What is GCS?

Geological carbon sequestration

The method of geo-sequestration or geological storage involves injecting carbon dioxide directly into underground geological formations. Declining oil fields, saline aquifers, and unminable coal seams have been suggested as storage sites. Caverns and old mines that are commonly used to store natural gas are not considered, because of a lack of storage safety.

CO2 has been injected into declining oil fields for more than 40 years, to increase oil recovery. This option is attractive because the storage costs are offset by the sale of additional oil that is recovered. Typically, 10-15% additional recovery of the original oil in place is possible. Further benefits are the existing infrastructure and the geophysical and geological information about the oil field that is available from the oil exploration. Another benefit of injecting CO2 into Oil fields is that CO2 is soluble in oil. Dissolving CO2 in oil lowers the viscosity of the oil and reduces its interfacial tension which increases the oils mobility. All oil fields have a geological barrier preventing upward migration of oil. As most oil and gas has been in place for millions to tens of millions of years, depleted oil and gas reservoirs can contain carbon dioxide for millennia. Identified possible problems are the many 'leak' opportunities provided by old oil wells, the need for high injection pressures and acidification which can damage the geological barrier. Other disadvantages of old oil fields are their limited geographic distribution and depths, which require high injection pressures for sequestration. Below a depth of about 1000 m, carbon dioxide is injected as a supercritical fluid, a material with the density of a liquid, but the viscosity and diffusivity of a gas. Unminable coal seams can be used to store CO2, because CO2 absorbs to the coal surface, ensuring safe long-term storage. In the process it releases methane that was previously adsorbed to the coal surface and that may be recovered. Again the sale of the methane can be used to offset the cost of the CO2 storage. Release or burning of methane would of course at least partially offset the obtained sequestration result – except when the gas is allowed to escape into the atmosphere in significant quantities: methane has a higher global warming potential than CO2.

Saline aquifers contain highly mineralized brines and have so far been considered of no benefit to humans except in a few cases where they have been used for the storage of chemical waste.
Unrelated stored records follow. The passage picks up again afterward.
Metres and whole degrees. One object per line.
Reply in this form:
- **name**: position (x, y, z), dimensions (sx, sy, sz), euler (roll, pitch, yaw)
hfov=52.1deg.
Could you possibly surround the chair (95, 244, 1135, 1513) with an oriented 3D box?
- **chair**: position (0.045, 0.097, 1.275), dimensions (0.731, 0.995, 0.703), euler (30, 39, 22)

Their advantages include a large potential storage volume and relatively common occurrence reducing the distance over which CO2 has to be transported. The major disadvantage of saline aquifers is that relatively little is known about them compared to oil fields. Another disadvantage of saline aquifers is that as the salinity of the water increases, less CO2 can be dissolved into aqueous solution. To keep the cost of storage acceptable the geophysical exploration may be limited, resulting in larger uncertainty about the structure of a given aquifer. Unlike storage in oil fields or coal beds, no side product will offset the storage cost. Leakage of CO2 back into the atmosphere may be a problem in saline-aquifer storage. However, current research shows that several trapping mechanisms immobilize the CO2 underground, reducing the risk of leakage.
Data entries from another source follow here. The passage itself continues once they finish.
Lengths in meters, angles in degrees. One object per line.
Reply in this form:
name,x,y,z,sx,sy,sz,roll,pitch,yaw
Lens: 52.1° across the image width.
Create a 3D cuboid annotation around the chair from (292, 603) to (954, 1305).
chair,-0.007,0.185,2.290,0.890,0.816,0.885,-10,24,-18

A major research project examining the geological sequestration of carbon dioxide is currently being performed at an oil field at Weyburn in south-eastern Saskatchewan. In the North Sea, Norway's Statoil natural-gas platform Sleipner strips carbon dioxide out of the natural gas with amine solvents and disposes of this carbon dioxide by geological sequestration. Sleipner reduces emissions of carbon dioxide by approximately one million tonnes a year. The cost of geological sequestration is minor relative to the overall running costs. As of April 2005, BP is considering a trial of large-scale sequestration of carbon dioxide stripped from power plant emissions in the Miller oilfield as its reserves are depleted.

In October 2007, the Bureau of Economic Geology at The University of Texas at Austin received a 10-year, $38 million subcontract to conduct the first intensively monitored, long-term project in the United States studying the feasibility of injecting a large volume of CO2 for underground storage. The project is a research program of the Southeast Regional Carbon Sequestration Partnership (SECARB), funded by the National Energy Technology Laboratory of the U.S. Department of Energy (DOE). The SECARB partnership will demonstrate CO2 injection rate and storage capacity in the Tuscaloosa-Woodbine geologic system that stretches from Texas to Florida. Beginning in fall 2007, the project will inject CO2 at the rate of one million tons per year, for up to 1.5 years, into brine up to 10,000 feet (3,000 m) below the land surface near the Cranfield oil field about 15 miles (24 km) east of Natchez, Mississippi. Experimental equipment will measure the ability of the subsurface to accept and retain CO2.